Minimum number of cuts
excludes enzymes that do not cut at least the specified number of times.
Maximum number of cuts
excludes enzymes that cut more than the specified number of times.
Show enzymes that cut only once
excludes, from the set of enzymes displayed, those enzymes that cut your sequence more than once (equivalent to setting both mincuts and maxcuts to one).
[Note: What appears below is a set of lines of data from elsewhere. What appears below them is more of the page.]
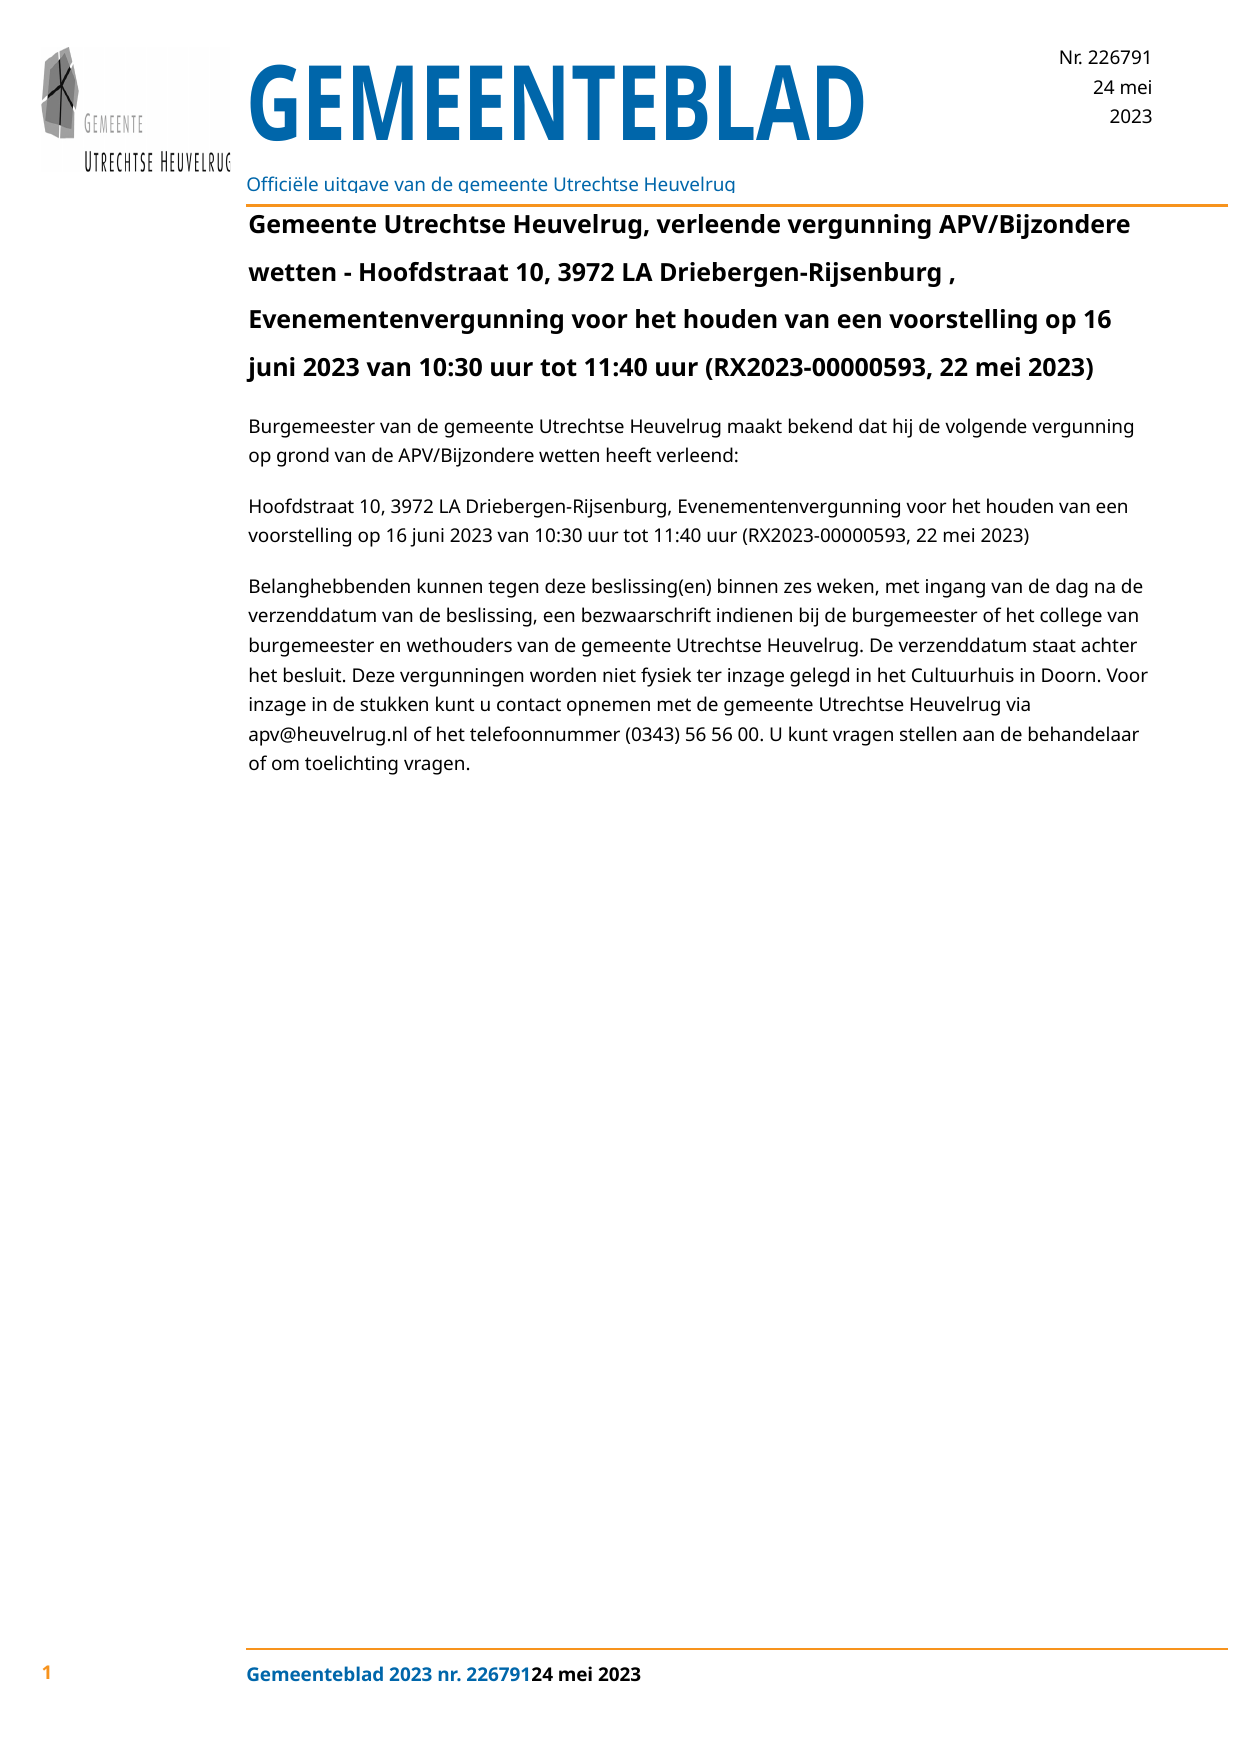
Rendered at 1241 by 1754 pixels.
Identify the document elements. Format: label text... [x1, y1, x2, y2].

text Gemeente Utrechtse Heuvelrug, verleende vergunning APV/Bijzondere wetten - Hoofdstraat 10, 3972 LA Driebergen-Rijsenburg , Evenementenvergunning voor het houden van een voorstelling op 16 juni 2023 van 10:30 uur tot 11:40 uur (RX2023-00000593, 22 mei 2023) [248, 207, 1152, 384]
text Hoofdstraat 10, 3972 LA Driebergen-Rijsenburg, Evenementenvergunning voor het houden van een voorstelling op 16 juni 2023 van 10:30 uur tot 11:40 uur (RX2023-00000593, 22 mei 2023) [248, 493, 1152, 548]
text Burgemeester van de gemeente Utrechtse Heuvelrug maakt bekend dat hij de volgende vergunning op grond van de APV/Bijzondere wetten heeft verleend: [248, 413, 1152, 468]
text Belanghebbenden kunnen tegen deze beslissing(en) binnen zes weken, met ingang van de dag na de verzenddatum van de beslissing, een bezwaarschrift indienen bij de burgemeester of het college van burgemeester en wethouders van de gemeente Utrechtse Heuvelrug. De verzenddatum staat achter het besluit. Deze vergunningen worden niet fysiek ter inzage gelegd in het Cultuurhuis in Doorn. Voor inzage in de stukken kunt u contact opnemen met de gemeente Utrechtse Heuvelrug via apv@heuvelrug.nl of het telefoonnummer (0343) 56 56 00. U kunt vragen stellen aan de behandelaar of om toelichting vragen. [248, 573, 1152, 776]
picture [41, 47, 231, 172]

Suppress enzymes that cut within the region base1,base2
excludes enzymes that cut anywhere within one or more ranges of the sequence. If an enzyme is found within an excluded range, then the enzyme is not displayed. The list of excluded enzymes includes enzymes that cut within excluded ranges. The ranges are defined with sets of two numbers. The numbers are separated by commas. Spaces between numbers are not allowed. The numbers must be integers that fall within the sequence beginning and ending points you have chosen. The range may be circular if circular mapping is being done. Exclusion is not done if there are any non-numeric characters in the numbers or numbers out of range or if there is an odd number of integers following the parameter.
Display both forward and reverse strand cut positions
shows where each enzyme cuts the reverse strand as well as the forward strand. The cut point on the bottom strand is the 5' end of the fragment which continues to the left.
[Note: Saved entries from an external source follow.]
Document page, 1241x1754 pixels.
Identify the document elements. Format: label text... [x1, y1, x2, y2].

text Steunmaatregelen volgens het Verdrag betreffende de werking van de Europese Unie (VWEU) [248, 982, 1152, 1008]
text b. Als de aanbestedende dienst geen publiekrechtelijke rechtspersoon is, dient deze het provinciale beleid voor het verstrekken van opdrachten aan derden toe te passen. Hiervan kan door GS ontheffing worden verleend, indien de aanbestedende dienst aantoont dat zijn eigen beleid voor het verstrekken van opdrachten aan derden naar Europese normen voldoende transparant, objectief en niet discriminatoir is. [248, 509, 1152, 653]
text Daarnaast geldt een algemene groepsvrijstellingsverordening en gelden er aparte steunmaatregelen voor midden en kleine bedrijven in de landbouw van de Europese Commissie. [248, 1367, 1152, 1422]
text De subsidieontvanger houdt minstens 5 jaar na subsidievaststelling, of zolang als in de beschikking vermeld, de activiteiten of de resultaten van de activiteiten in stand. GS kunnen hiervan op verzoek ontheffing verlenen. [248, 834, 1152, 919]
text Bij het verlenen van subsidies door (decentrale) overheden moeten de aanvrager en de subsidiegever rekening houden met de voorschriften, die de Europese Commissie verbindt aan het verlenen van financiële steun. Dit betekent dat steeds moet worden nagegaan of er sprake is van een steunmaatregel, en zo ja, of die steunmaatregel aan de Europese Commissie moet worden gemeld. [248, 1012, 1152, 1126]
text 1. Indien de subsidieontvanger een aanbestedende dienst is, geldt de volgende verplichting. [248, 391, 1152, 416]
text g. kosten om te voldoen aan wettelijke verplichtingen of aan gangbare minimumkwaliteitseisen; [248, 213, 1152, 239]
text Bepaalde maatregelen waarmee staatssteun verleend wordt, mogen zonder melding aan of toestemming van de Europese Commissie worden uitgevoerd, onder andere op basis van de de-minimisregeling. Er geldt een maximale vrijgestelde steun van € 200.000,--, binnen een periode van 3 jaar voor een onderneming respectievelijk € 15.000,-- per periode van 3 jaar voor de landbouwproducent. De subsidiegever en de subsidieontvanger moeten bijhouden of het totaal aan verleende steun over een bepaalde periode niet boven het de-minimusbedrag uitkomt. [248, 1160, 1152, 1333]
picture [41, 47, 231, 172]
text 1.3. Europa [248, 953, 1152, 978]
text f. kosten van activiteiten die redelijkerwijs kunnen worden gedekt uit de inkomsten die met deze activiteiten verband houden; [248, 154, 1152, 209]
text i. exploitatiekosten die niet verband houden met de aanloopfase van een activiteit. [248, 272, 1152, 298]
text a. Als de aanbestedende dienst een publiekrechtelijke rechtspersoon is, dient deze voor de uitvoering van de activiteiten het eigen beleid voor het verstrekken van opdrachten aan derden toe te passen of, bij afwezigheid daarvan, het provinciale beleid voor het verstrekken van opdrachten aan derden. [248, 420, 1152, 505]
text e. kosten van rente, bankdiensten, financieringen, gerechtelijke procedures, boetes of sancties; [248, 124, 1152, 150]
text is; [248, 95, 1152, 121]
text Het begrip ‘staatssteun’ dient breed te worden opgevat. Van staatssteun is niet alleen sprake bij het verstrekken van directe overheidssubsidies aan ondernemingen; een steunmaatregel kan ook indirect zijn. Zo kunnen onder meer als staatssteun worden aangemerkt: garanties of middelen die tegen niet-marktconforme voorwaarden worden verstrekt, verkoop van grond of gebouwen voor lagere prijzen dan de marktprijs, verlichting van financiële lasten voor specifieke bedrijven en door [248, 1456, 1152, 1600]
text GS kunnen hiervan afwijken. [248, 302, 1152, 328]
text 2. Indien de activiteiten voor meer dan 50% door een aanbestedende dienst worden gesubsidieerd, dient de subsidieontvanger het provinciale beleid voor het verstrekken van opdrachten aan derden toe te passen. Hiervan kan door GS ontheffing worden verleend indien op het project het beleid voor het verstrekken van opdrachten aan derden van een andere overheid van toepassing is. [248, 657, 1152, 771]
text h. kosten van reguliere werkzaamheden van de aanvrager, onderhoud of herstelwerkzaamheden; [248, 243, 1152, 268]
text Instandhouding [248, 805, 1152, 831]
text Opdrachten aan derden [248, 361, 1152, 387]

HgaI SimI NlaIII| BsaJI || DsaI || NcoI || StyI || BsaHI | || RleAI BspGI | | || MnlI BseRI | BfaI | | | || MnlI | CviJI | | CviJI | | | | || | | | | | | GCTCCTAGTCCAGACGCCATGGGTCATTTCACAGAGGAGGACAAGGCTACTATCACAAGC 2161 ---------+---------+---------+---------+---------+---------+ 2220 CGAGGATCAGGTCTGCGGTACCCAGTAAAGTGTCTCCTCCTGTTCCGATGATAGTGTTCG | | || | ||| | || | | BfaI | BsaHI|StyI ||| | CviJI| | CviJI BspGI NlaIII |SimI|| | BseRI | NcoI MnlI| | RleAI DsaI HgaI | BsaJI MnlI
Display the complement strand in the output
suppresses complement sequence display.
Write a table of cut sites (instead of restriction map)
If you simply want a table of which enzymes cut where use this parameter. See the topic TABLE OUTPUT.
Order table of cut sites by
Table output is normally sorted by the position of the cut in the top strand of the sequence. Use this parameter to see the cuts sorted first by enzyme and then by position. See the topic TABLE OUTPUT.